EX-3.1 2 ea021556001ex3-1_onconetix.htm CERTIFICATE OF AMENDMENT TO THE AMENDED AND RESTATED CERTIFICATE OF INCORPORATION, AS AMENDED, OF ONCONETIX, INC., DATED SEPTEMBER 24, 2024

Exhibit 3.1

 

CERTIFICATE OF AMENDMENT
OF CERTIFICATE OF INCORPORATION
OF ONCONETIX, INC.

 

Onconetix, Inc., a corporation organized and existing under the laws of the State of Delaware (the “Corporation”), does hereby certify as follows:

 

1. The name of the Corporation is Onconetix, Inc.

 

2. The Certificate of Incorporation of the Corporation is amended by adding the following new Section D to the end of Article IV:

 

D. Upon the filing and effectiveness (the “Effective Time”) of this amendment to the Corporation’s Certificate of Incorporation, as amended, pursuant to the Delaware General Corporation Law, each forty (40) shares of the Common Stock issued immediately prior to the Effective Time (the “Old Common Stock”) shall be reclassified and combined into one validly issued, fully paid and non-assessable share of the Corporation’s Common Stock, $0.00001 par value per share (the “New Common Stock”), without any action by the holder thereof (the “Reverse Stock Split”).
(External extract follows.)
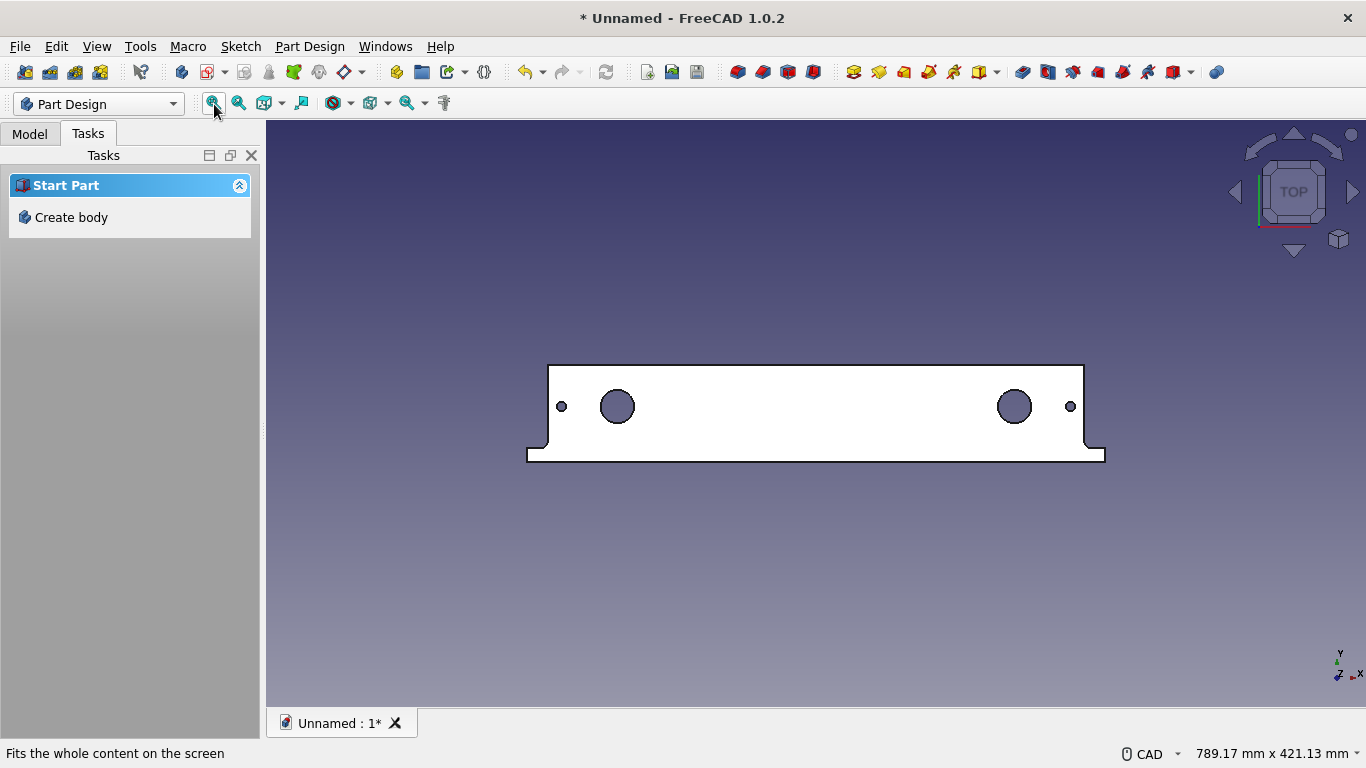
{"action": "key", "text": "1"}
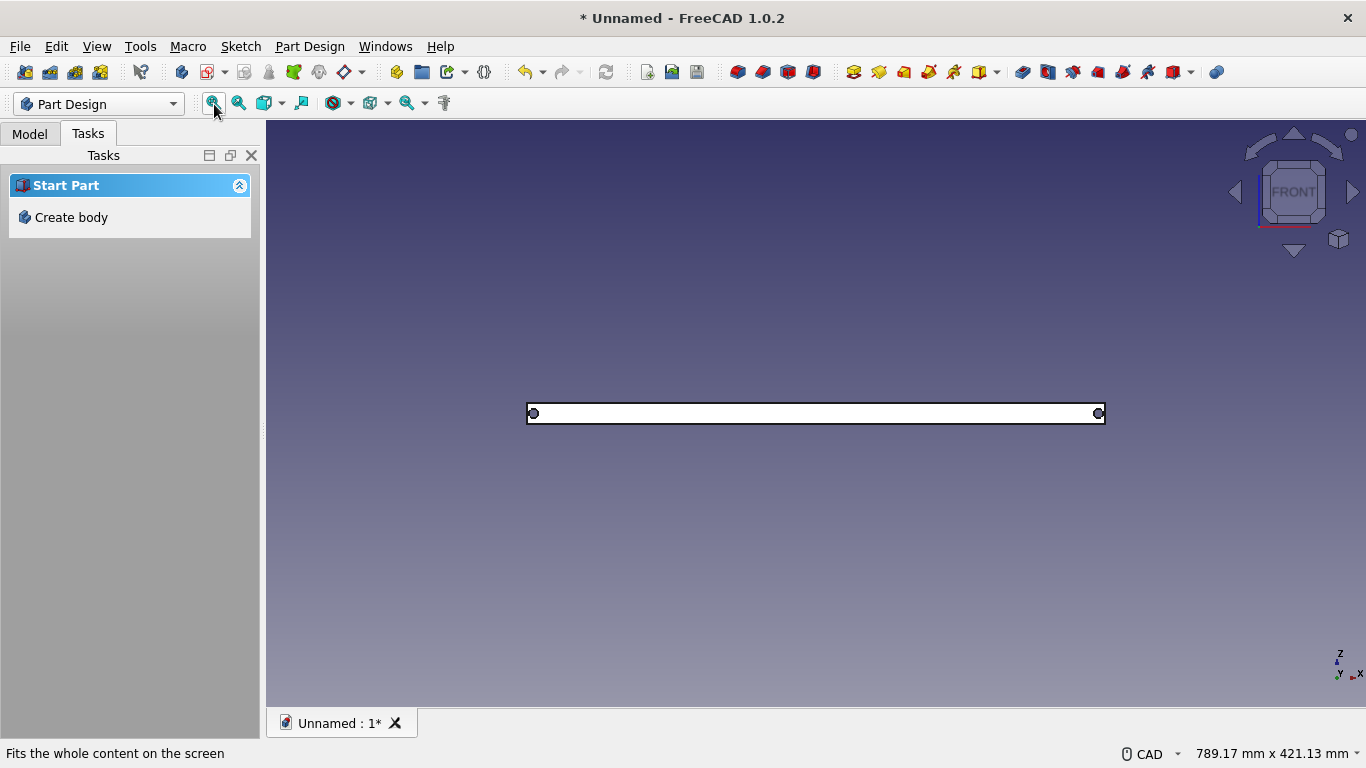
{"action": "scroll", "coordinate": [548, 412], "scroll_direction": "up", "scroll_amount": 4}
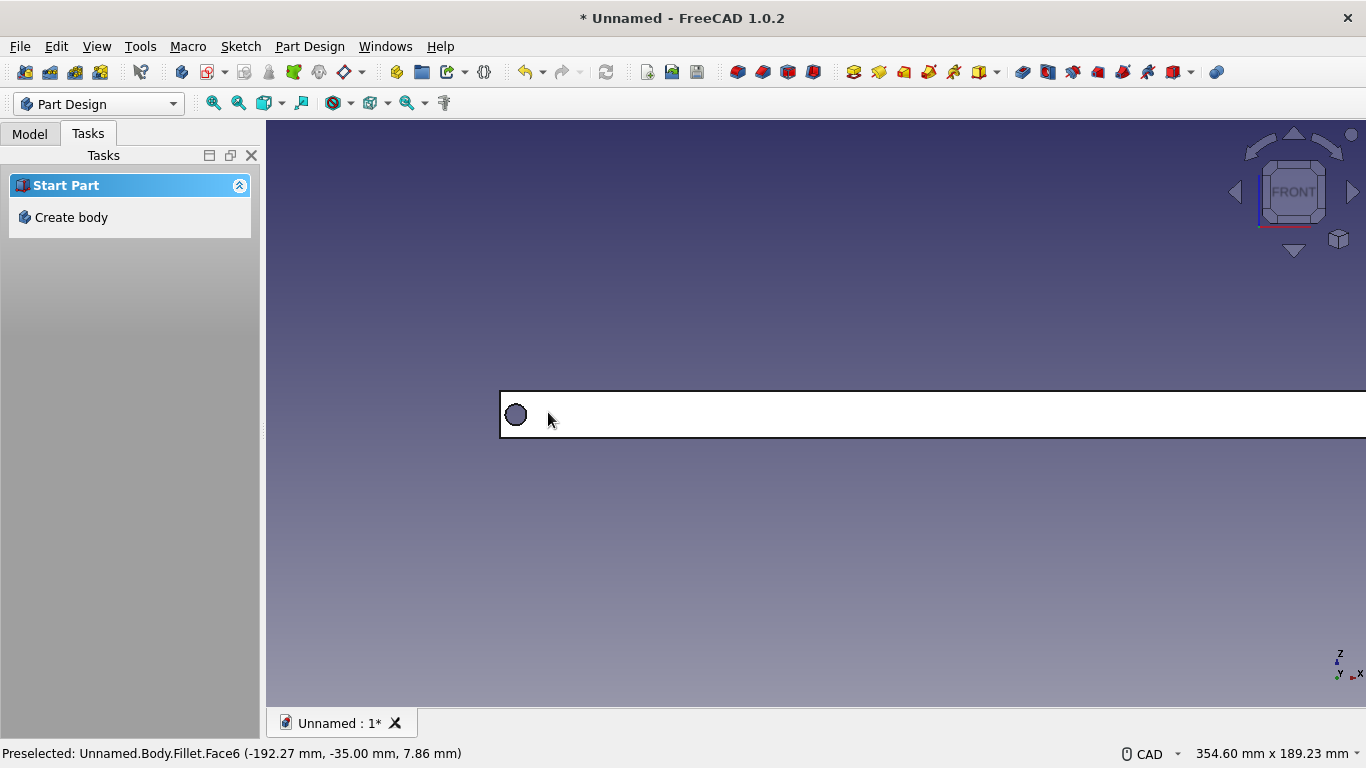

No fractional shares of New Common Stock shall be issued as a result of the Reverse Stock Split and, in lieu thereof, upon surrender after the Effective Time of a book entry position which formerly represented shares of Old Common Stock that were issued and outstanding immediately prior to the Effective Time, any person who would otherwise be entitled to a fractional share of New Common Stock as a result of the Reverse Stock Split, following the Effective Time, shall be entitled to receive a cash payment equal to the fraction of a share of New Common Stock to which such holder would otherwise be entitled multiplied by the closing price per share of the New Common Stock on The Nasdaq Stock Market LLC at the close of business on the date prior to the Effective Time. Each book entry position that theretofore represented shares of Old Common Stock shall thereafter represent that number of shares of New Common Stock into which the shares of Old Common Stock represented by such book entry position shall have been reclassified and combined; provided, that each person holding of record a book entry position that represented shares of Old Common Stock shall receive, a new book entry position evidencing and representing the number of shares of New Common Stock to which such person is entitled under the foregoing reclassification and combination.

 

3. This Certificate of Amendment has been duly adopted by the Board of Directors and stockholders of the Corporation in accordance with Section 242 of the General Corporation Law of the State of Delaware.

 

4. This Certificate of Amendment shall become effective as of 12:01 a.m. Eastern Time on Tuesday, September 24, 2024.

 

 

IN WITNESS WHEREOF, the Corporation has caused this Certificate of Amendment to be duly executed in its corporate name as of the 24th day of September, 2024.